The Pulsar Java client provides built-in support for OpenTelemetry distributed tracing. This allows you to:

Trace message publishing from producer to broker
Trace message consumption from broker to consumer
Propagate trace context across services via message properties
Extract trace context from external sources (e.g., HTTP requests)
Create end-to-end traces across your distributed system

Features

Producer Tracing

Producer tracing creates spans for:

send - Span starts when send() or sendAsync() is called and completes when broker acknowledges receipt

Consumer Tracing

Consumer tracing creates spans for:

process - Span starts when message is received and completes when message is acknowledged, negatively acknowledged, or ack timeout occurs

Trace Context Propagation

Trace context is automatically propagated using W3C TraceContext format:

traceparent - Contains trace ID, span ID, and trace flags
tracestate - Contains vendor-specific trace information

Context is injected into and extracted from message properties, enabling seamless trace propagation across services.

Quick Start

1. Add Dependencies

The Pulsar client already includes OpenTelemetry API dependencies. You'll need to add the SDK and exporters:

<dependency>
    <groupId>io.opentelemetry</groupId>
    <artifactId>opentelemetry-sdk</artifactId>
    <version>${opentelemetry.version}</version>
</dependency>
<dependency>
    <groupId>io.opentelemetry</groupId>
    <artifactId>opentelemetry-exporter-otlp</artifactId>
    <version>${opentelemetry.version}</version>
</dependency>

2. Enable Tracing

There are three ways to enable tracing:

Option 1: Using OpenTelemetry Java Agent (Easiest)

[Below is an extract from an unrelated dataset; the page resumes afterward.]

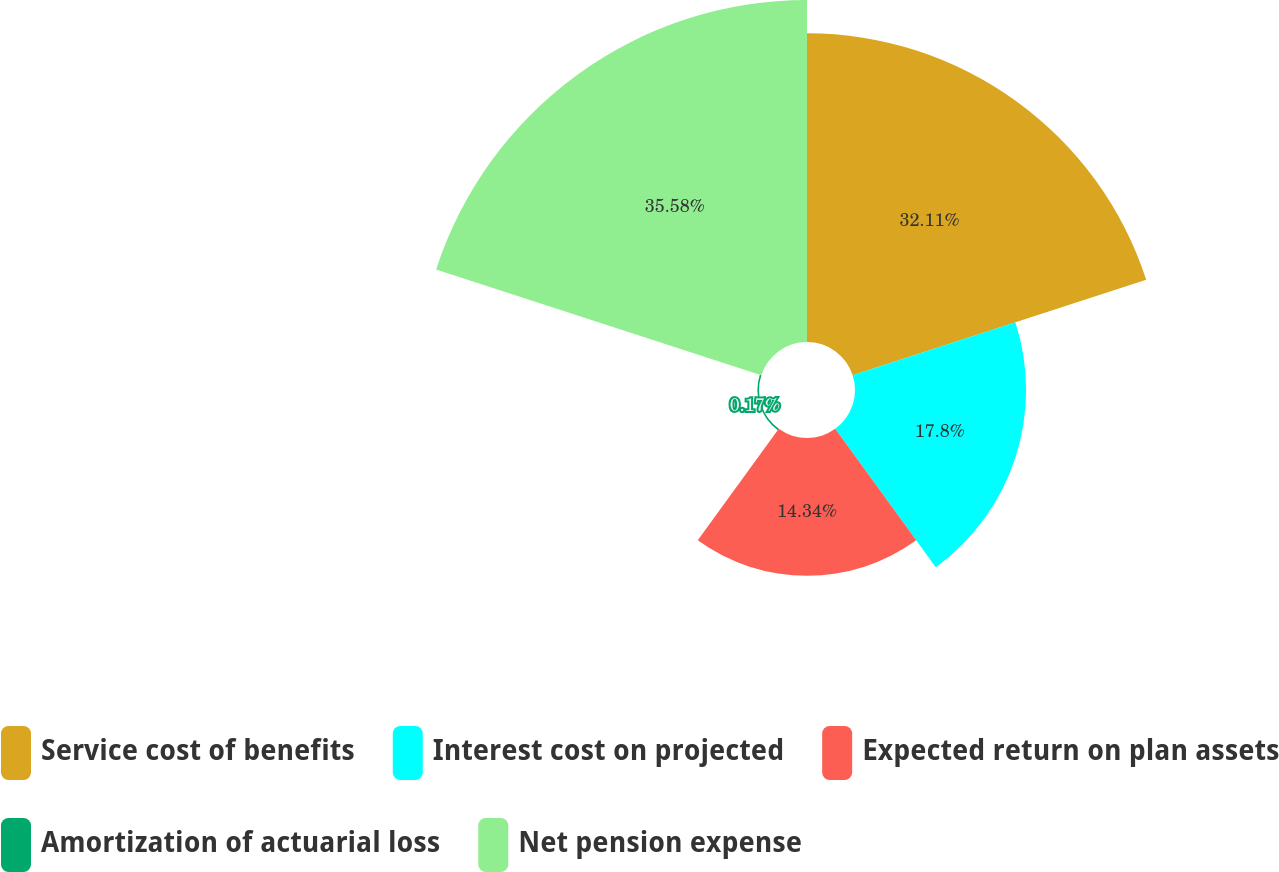<chart> <loc_0><loc_0><loc_500><loc_500><pie_chart><fcel>Service cost of benefits<fcel>Interest cost on projected<fcel>Expected return on plan assets<fcel>Amortization of actuarial loss<fcel>Net pension expense<nl><fcel>32.11%<fcel>17.8%<fcel>14.34%<fcel>0.17%<fcel>35.58%<nl></chart>

# Start your application with the Java Agent
java -javaagent:opentelemetry-javaagent.jar \
     -Dotel.service.name=my-service \
     -Dotel.exporter.otlp.endpoint=http://localhost:4317 \
     -jar your-application.jar

// Just enable tracing - uses GlobalOpenTelemetry from the agent
PulsarClient client = PulsarClient.builder()
    .serviceUrl("pulsar://localhost:6650")
    .enableTracing(true)  // That's it!
    .build();

Option 2: With Explicit OpenTelemetry Instance

OpenTelemetry openTelemetry = // configure your OpenTelemetry instance

PulsarClient client = PulsarClient.builder()
    .serviceUrl("pulsar://localhost:6650")
    .openTelemetry(openTelemetry, true)  // Set OpenTelemetry AND enable tracing
    .build();

Option 3: Using GlobalOpenTelemetry

// Configure GlobalOpenTelemetry once in your application
GlobalOpenTelemetry.set(myOpenTelemetry);

// Enable tracing in the client - uses GlobalOpenTelemetry
PulsarClient client = PulsarClient.builder()
    .serviceUrl("pulsar://localhost:6650")
    .enableTracing(true)
    .build();

What happens when tracing is enabled:

Create spans for producer send operations
Inject trace context into message properties automatically
Create spans for consumer receive/ack operations
Extract trace context from message properties automatically
Link all spans to create end-to-end distributed traces

3. Manual Interceptor Configuration (Advanced)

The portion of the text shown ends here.